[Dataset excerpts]
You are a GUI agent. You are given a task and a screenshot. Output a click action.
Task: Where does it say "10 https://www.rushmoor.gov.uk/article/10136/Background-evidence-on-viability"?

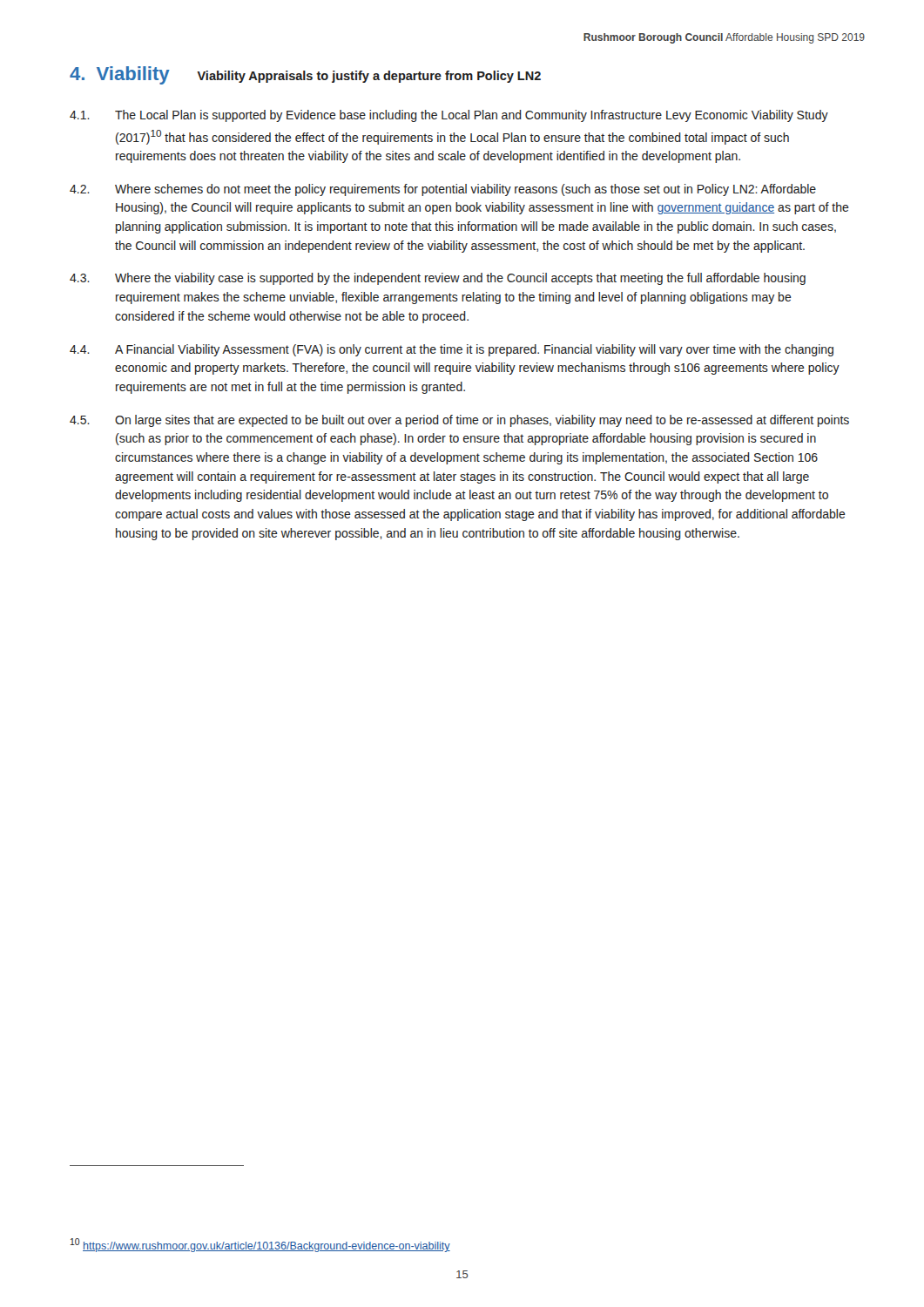coord(260,1245)
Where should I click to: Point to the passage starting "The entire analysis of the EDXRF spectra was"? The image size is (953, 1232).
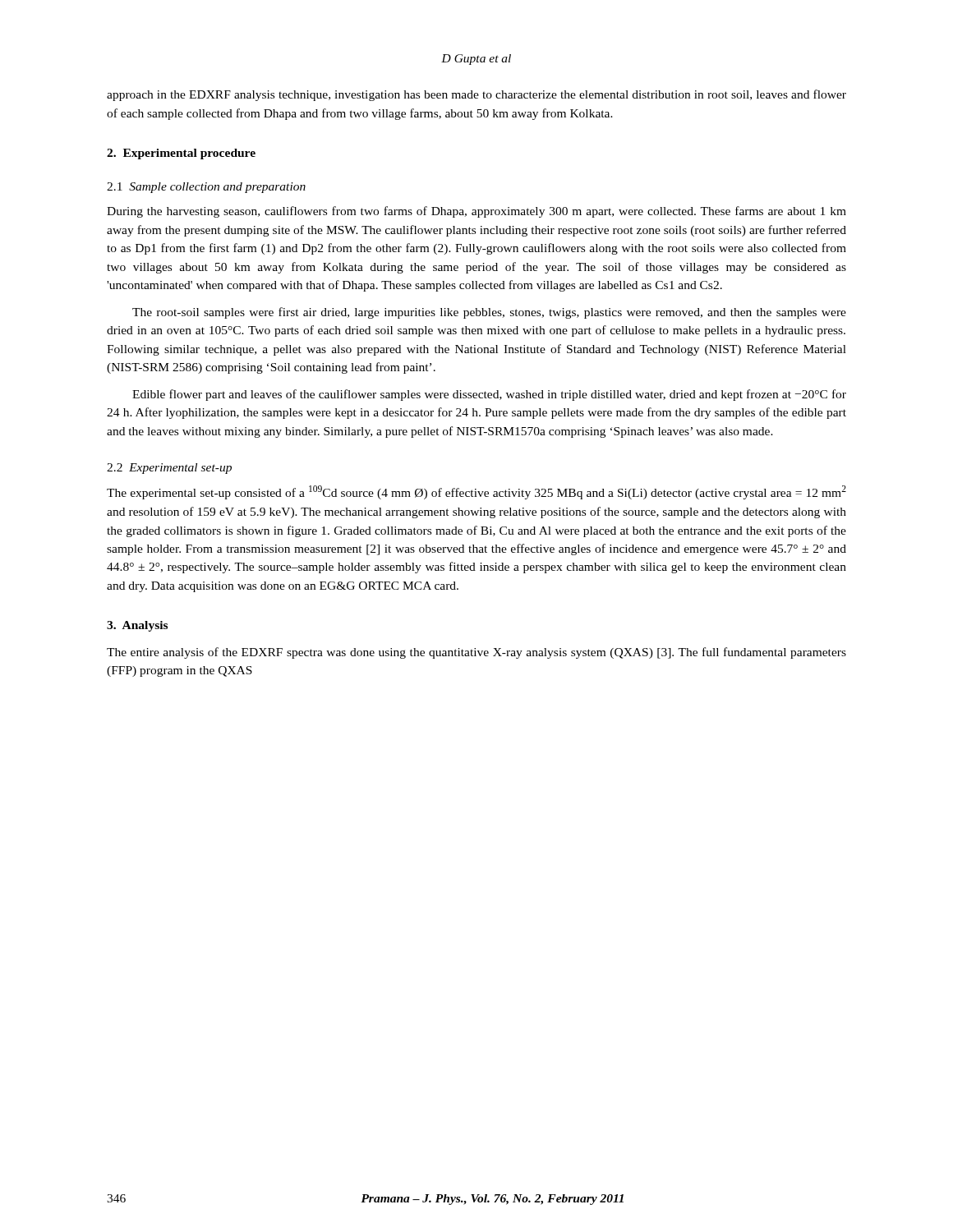pos(476,661)
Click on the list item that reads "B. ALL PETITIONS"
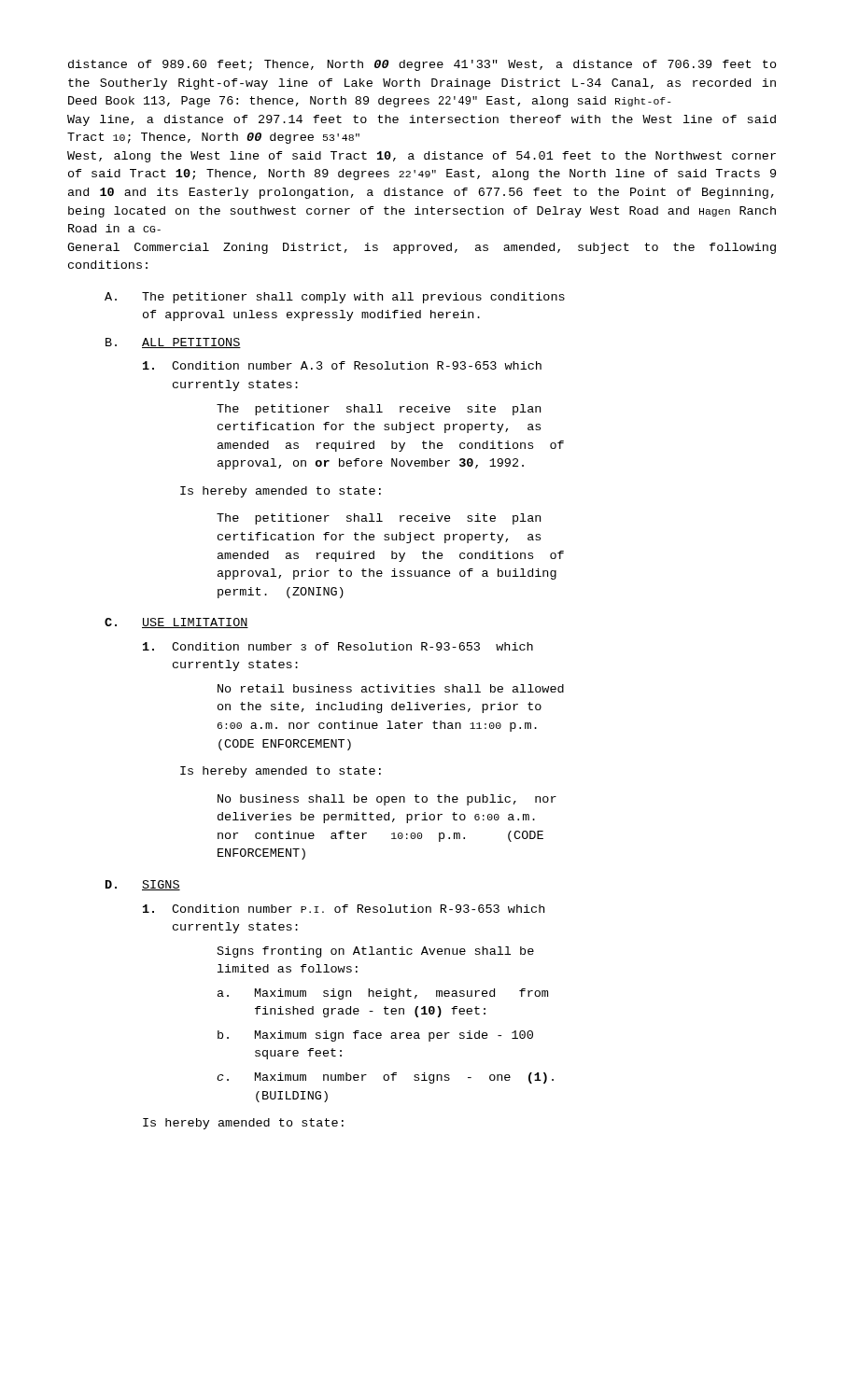Screen dimensions: 1400x844 click(x=173, y=343)
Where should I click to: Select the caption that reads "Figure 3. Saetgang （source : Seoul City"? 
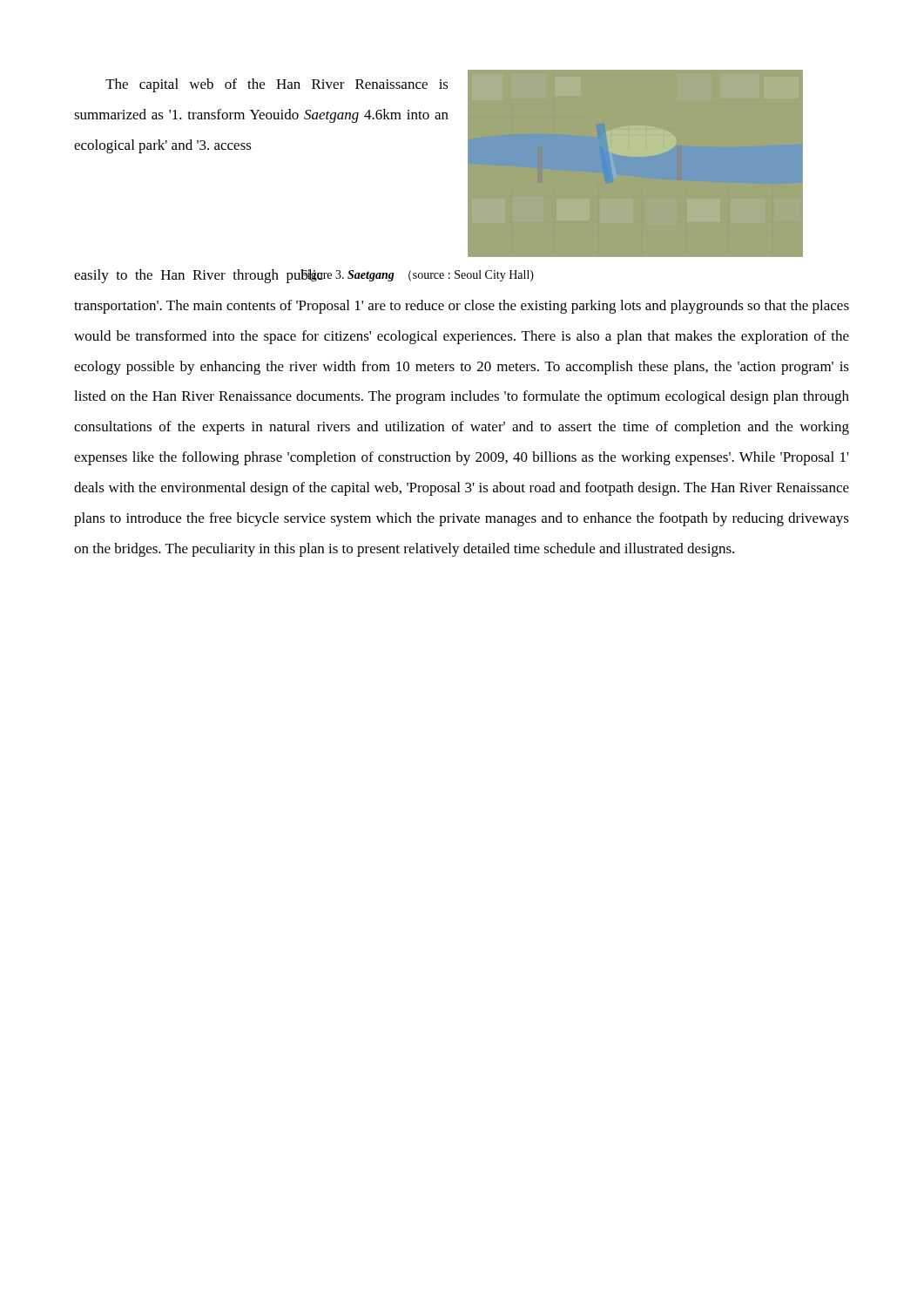(x=417, y=275)
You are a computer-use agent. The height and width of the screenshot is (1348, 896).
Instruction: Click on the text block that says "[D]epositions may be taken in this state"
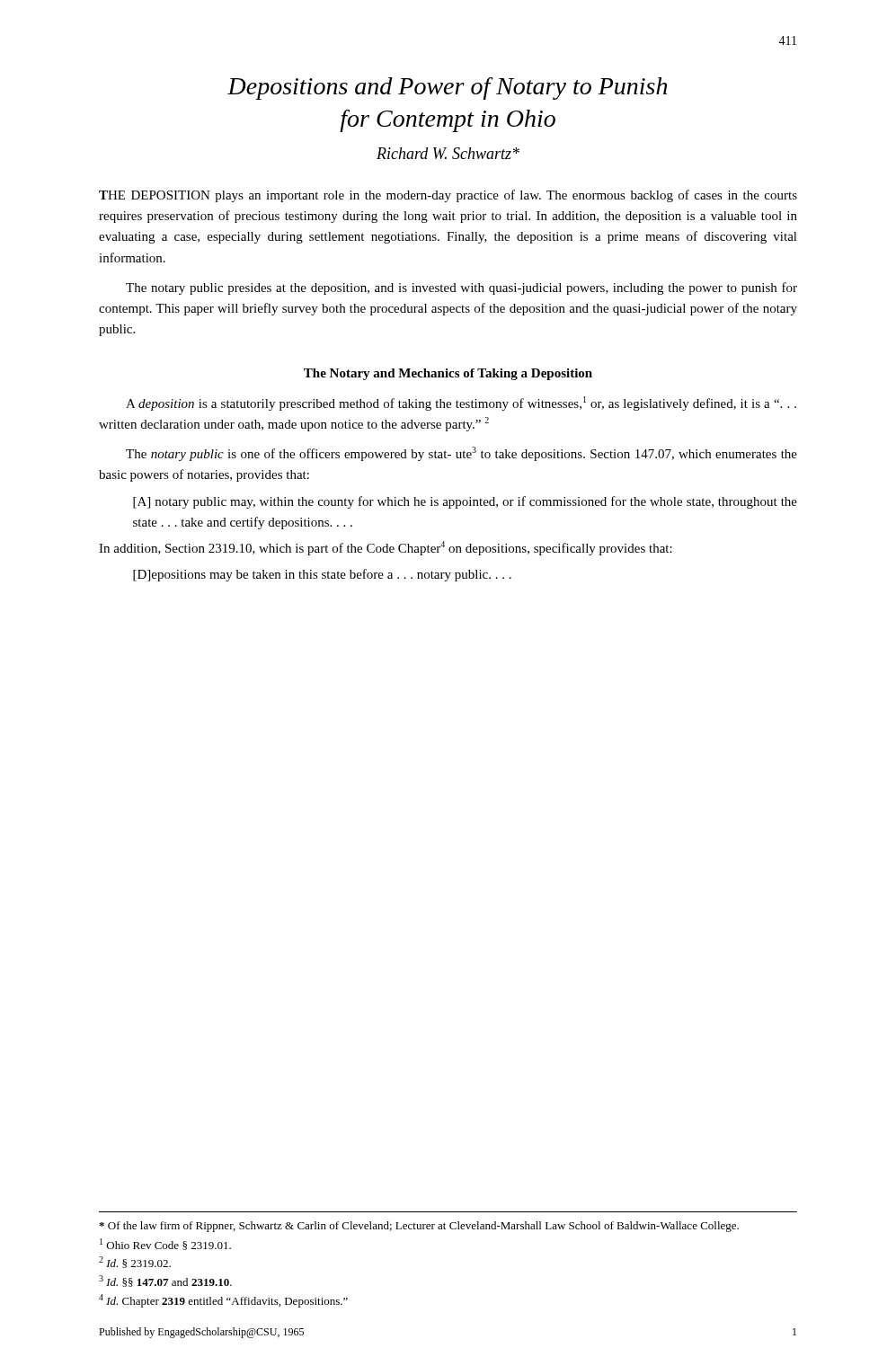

**WORK INSTRUCTIONS:**
Only the lines from the one that contains "Where should I click to: Select" through the last line of the records may appear in the answer, retyped exactly and with no pictures.

**EXPECTED OUTPUT:**
Where should I click to: Select the caption that reads "Figure 3. Saetgang （source : Seoul City"? 
(x=417, y=275)
You are a computer-use agent. The height and width of the screenshot is (1348, 896).
Instruction: Click on the text block that says "[D]epositions may be taken in this state"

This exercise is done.